__EXERCISE DETAILS__:
The entries that follow contain images, which should be left out; output everything else exactly.

====== RECORDS FOR PROCESSING ======

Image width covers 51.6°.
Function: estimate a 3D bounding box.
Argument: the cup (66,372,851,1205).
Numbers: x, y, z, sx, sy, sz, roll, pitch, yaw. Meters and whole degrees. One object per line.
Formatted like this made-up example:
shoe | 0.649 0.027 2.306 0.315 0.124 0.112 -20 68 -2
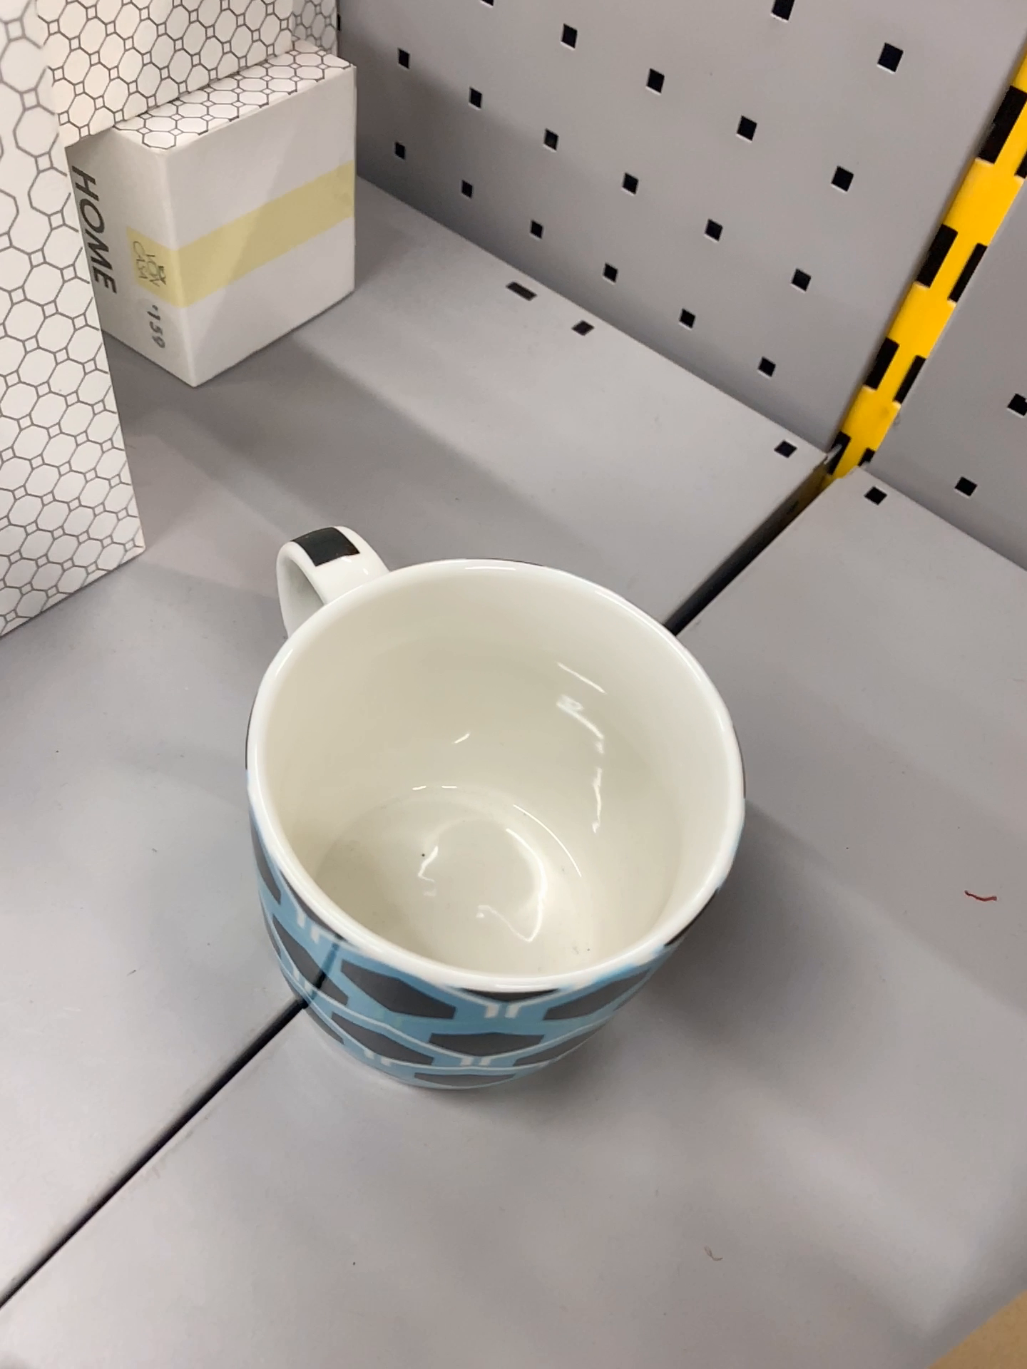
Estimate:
cup | -0.019 0.019 0.221 0.090 0.090 0.120 -23 62 -23

======

__RESULT BELOW__:
Image width covers 51.6°.
Function: estimate a 3D bounding box.
Argument: the cup (66,372,851,1205).
Numbers: x, y, z, sx, sy, sz, roll, pitch, yaw. Meters and whole degrees. One object per line.
Formatted like this made-up example:
shoe | 0.649 0.027 2.306 0.315 0.124 0.112 -20 68 -2
Estimate:
cup | -0.019 0.019 0.221 0.090 0.090 0.120 -23 62 -23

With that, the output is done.